Goku shook his head, drooling over the yummy breakfast ChiChi was loading on his plate. Vegeta looked at Bulma, suspicion growing in him. *Does she know?* Bulma just smiled at him.


Bulma and ChiChi had almost pissed themselves when they'd heard the screaming and ranting coming from the bedroom, everything had worked out so well! Their men sure deserved this little lesson. They wouldn't learn anything from it, but the girls had had their fun, and that was worth it.

Some time later, the guys had gone of for some sparring. ChiChi and Bulma only noticed that something was out of the ordinary when they couldn't hear the sounds of fighting from outside. When they checked, they couldn't even find their husbands outside - no strange name attacks or blasts disrupting the peacefulness. So they started looking for them inside the capsule corp buliding.... After a while of searching for the Saiyan-jis, Bulma opened the door to her bedroom just a bit, not expecting to find them in there... but stopped and paled.

Bulma: O_O ...

ChiChi saw her change of expression. „Bulma, what - ?" The scene was too shocking for her brain to comprehend, so she fell back anime style and stayed that way.
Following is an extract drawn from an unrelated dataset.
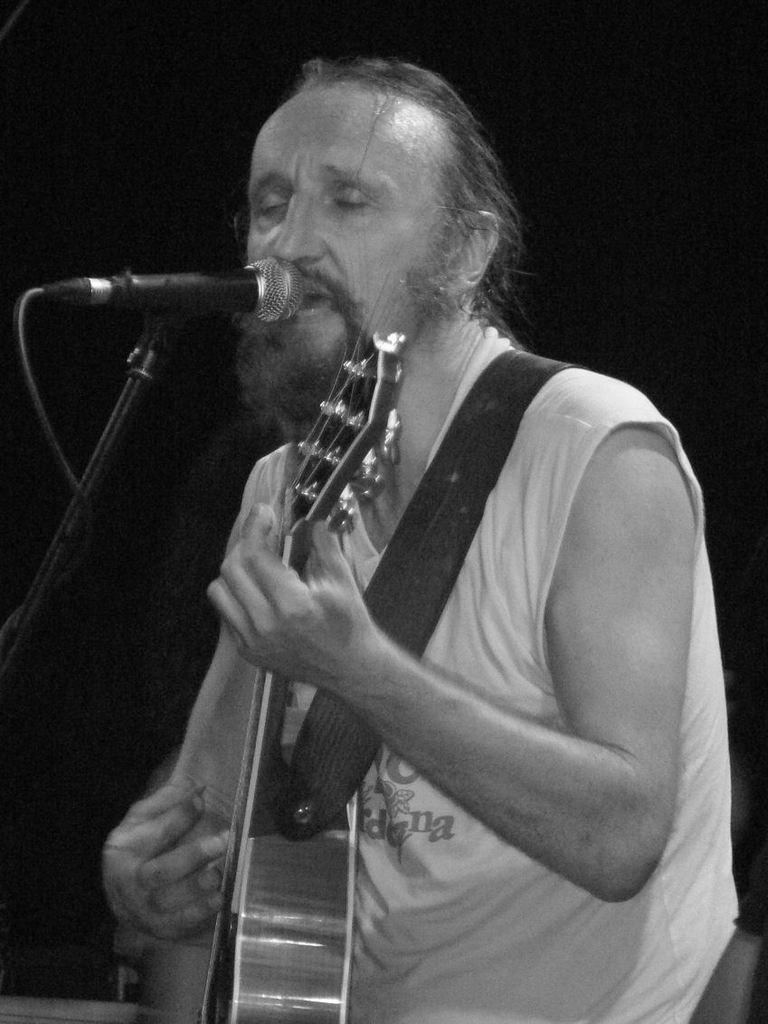What is the color scheme of the image? The image is black and white. What is the main subject of the image? There is a person in the image. What is the person doing in the image? The person is singing a song. What instrument is the person wearing? The person is wearing a guitar. What device is in front of the person? There is a microphone in front of the person. How many ants can be seen crawling on the guitar in the image? There are no ants visible in the image, as it features a person singing with a guitar and a microphone.

Inside the bedroom, Vegeta and Goku were lying cuddled up to each other, in a very compromising situation... or so it seemed. As soon as Vegeta saw that his plan had worked, he jumped out of the bed, the second time that day, and got dressed again.
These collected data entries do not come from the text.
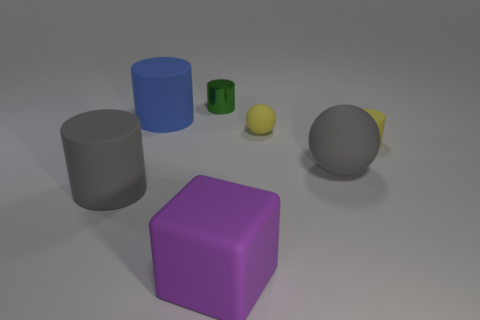Add 1 big blue matte things. How many objects exist? 8 Subtract 1 blocks. How many blocks are left? 0 Subtract all yellow matte cylinders. How many cylinders are left? 3 Subtract all cubes. How many objects are left? 6 Add 6 big blocks. How many big blocks are left? 7 Add 7 yellow matte spheres. How many yellow matte spheres exist? 8 Subtract all yellow balls. How many balls are left? 1 Subtract 0 cyan cylinders. How many objects are left? 7 Subtract all cyan cubes. Subtract all purple cylinders. How many cubes are left? 1 Subtract all cyan balls. How many gray blocks are left? 0 
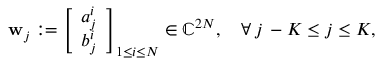Convert formula to latex. <formula><loc_0><loc_0><loc_500><loc_500>\begin{array} { r } { w _ { j } \colon = \left [ \begin{array} { l } { a _ { j } ^ { i } } \\ { b _ { j } ^ { i } } \end{array} \right ] _ { 1 \leq i \leq N } \in \mathbb { C } ^ { 2 N } , \quad \forall \, j \, - K \leq j \leq K , } \end{array}</formula> 
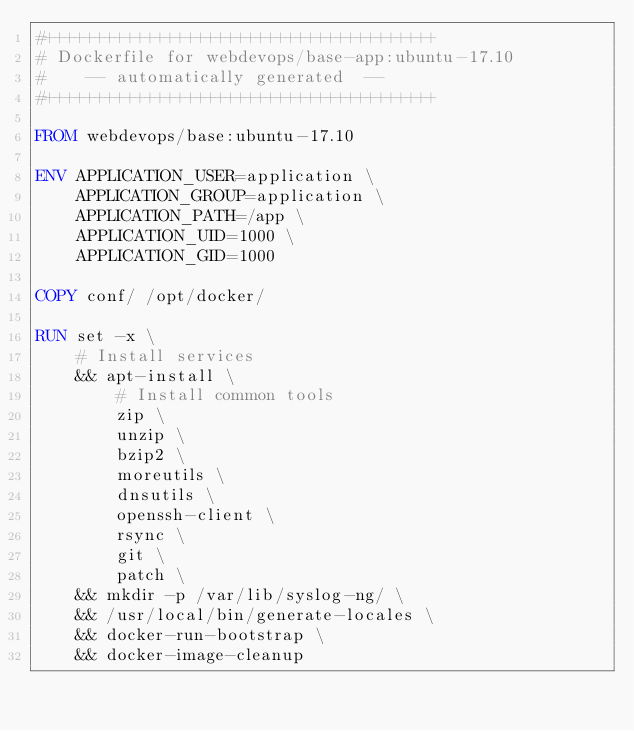<code> <loc_0><loc_0><loc_500><loc_500><_Dockerfile_>#+++++++++++++++++++++++++++++++++++++++
# Dockerfile for webdevops/base-app:ubuntu-17.10
#    -- automatically generated  --
#+++++++++++++++++++++++++++++++++++++++

FROM webdevops/base:ubuntu-17.10

ENV APPLICATION_USER=application \
    APPLICATION_GROUP=application \
    APPLICATION_PATH=/app \
    APPLICATION_UID=1000 \
    APPLICATION_GID=1000

COPY conf/ /opt/docker/

RUN set -x \
    # Install services
    && apt-install \
        # Install common tools
        zip \
        unzip \
        bzip2 \
        moreutils \
        dnsutils \
        openssh-client \
        rsync \
        git \
        patch \
    && mkdir -p /var/lib/syslog-ng/ \
    && /usr/local/bin/generate-locales \
    && docker-run-bootstrap \
    && docker-image-cleanup
</code>

„Kakarrot, I'm SO glad I'll never have to touch you AGAIN other than smash your face to pulp.... but the look on my woman's face was priceless. Getting my back on them was worth even this degrading situation."

Goku blinked, his eyes filled with tears and he started sobbing.Genuinely hurt, he whined: „Does that mean you don't love me? sob It felt so good when you touched me that way..."

Vegeta looked at Goku, not believing what he was hearing, and flew off (shattering a window) as fast as he could, clearly disgusted.

Goku chuckled. *Vegeta's just too dumb*

***THE END**** sorry you had to go through this, but I warned ya!